For culture buffs there is the Museum of Liverpool on Albert Dock. This is a fantastic place that features both permanent and special exhibits. The museum deals honestly with the part that Liverpool played in the repugnant slave trade as well as celebrating the history of this vibrant city. There is also a Beatles museum on Albert Dock which I have never visited but gets good reviews on Trip advisor. There is also a branch of the Tate gallery on Albert Dock which is high on my to do list.
There are two magnificent cathedrals at each end of Hope Street. The Anglican cathedral is a Gothic masterpiece while the Catholic cathedral is a modernistic building affectionally known to Scousers as Paddy’s Wigwam!!
John Moores University enjoys an excellent reputation in academic circles (I wouldn’t know)
A must do is to take the Ferry across the Mersey. The return journey from Birkenhead is the best as the views of the city skyline and the Liver birds are spectacular. Spoiler alert, you’ll hate the f**k*ng song by the time you get back to dry land!!!
I still want to visit Penny Lane, Strawberry Fields and go for a few beers in Wavertree. I really could write much more. As I scan through this blog I am conscious of the great pubs I have missed, the fantastic statues, the Mersey tunnel.
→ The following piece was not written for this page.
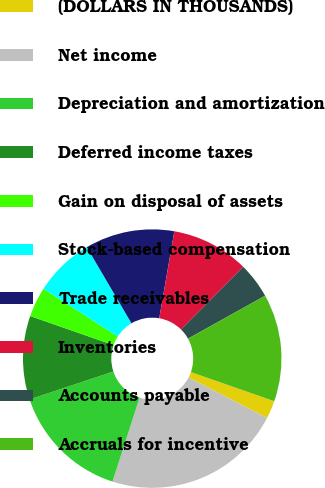<chart> <loc_0><loc_0><loc_500><loc_500><pie_chart><fcel>(DOLLARS IN THOUSANDS)<fcel>Net income<fcel>Depreciation and amortization<fcel>Deferred income taxes<fcel>Gain on disposal of assets<fcel>Stock-based compensation<fcel>Trade receivables<fcel>Inventories<fcel>Accounts payable<fcel>Accruals for incentive<nl><fcel>2.25%<fcel>22.38%<fcel>14.92%<fcel>10.45%<fcel>3.74%<fcel>7.47%<fcel>11.19%<fcel>9.7%<fcel>4.48%<fcel>13.43%<nl></chart> 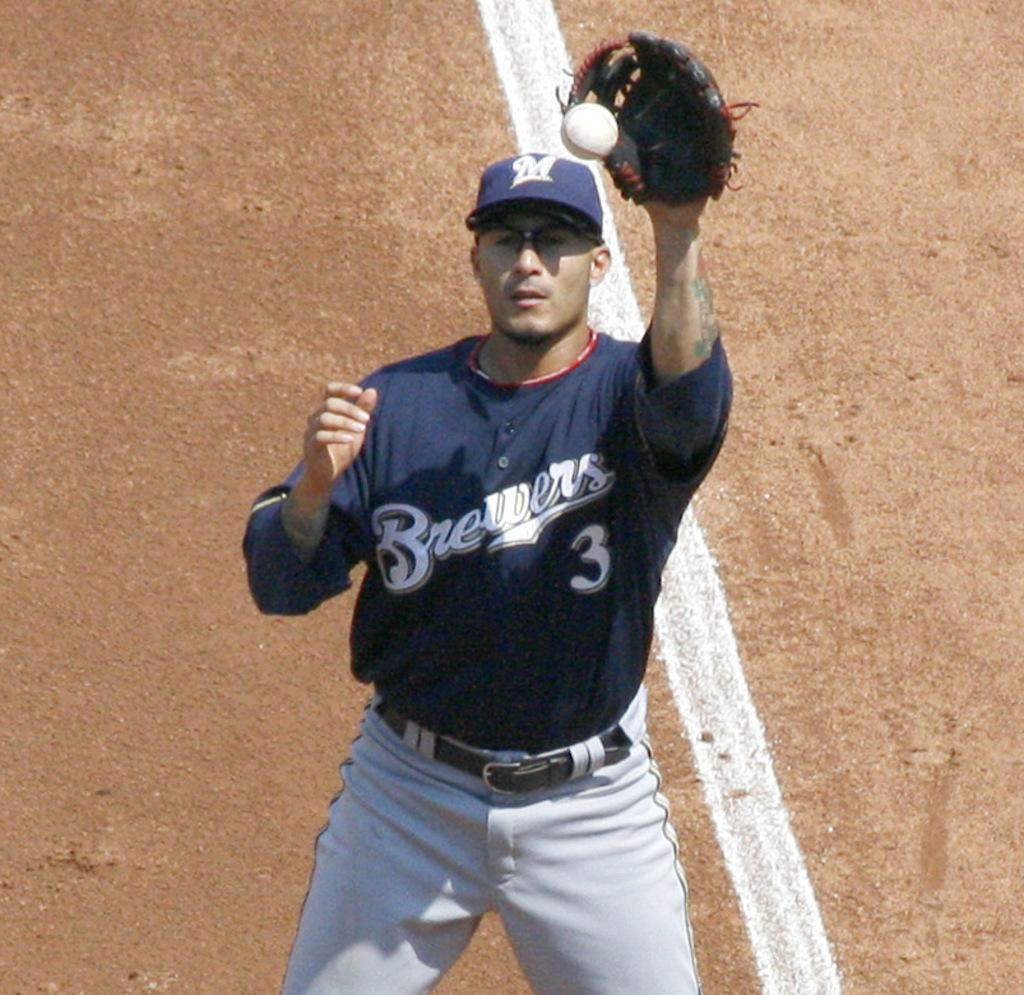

Do yourself a favour and book a few days in Liverpool and check out some of these brilliant places and discover a few of your own. Share them with me and I will visit……. as long as they are not red of course!!!
Ah Tilly i cant bloody wait now. I will be visiting some of these haunts….once you have drawn me a map 🙂 Great post x
By the time youve done all these pubs I’m sure you’ll have long fogotten the results from Goodson park.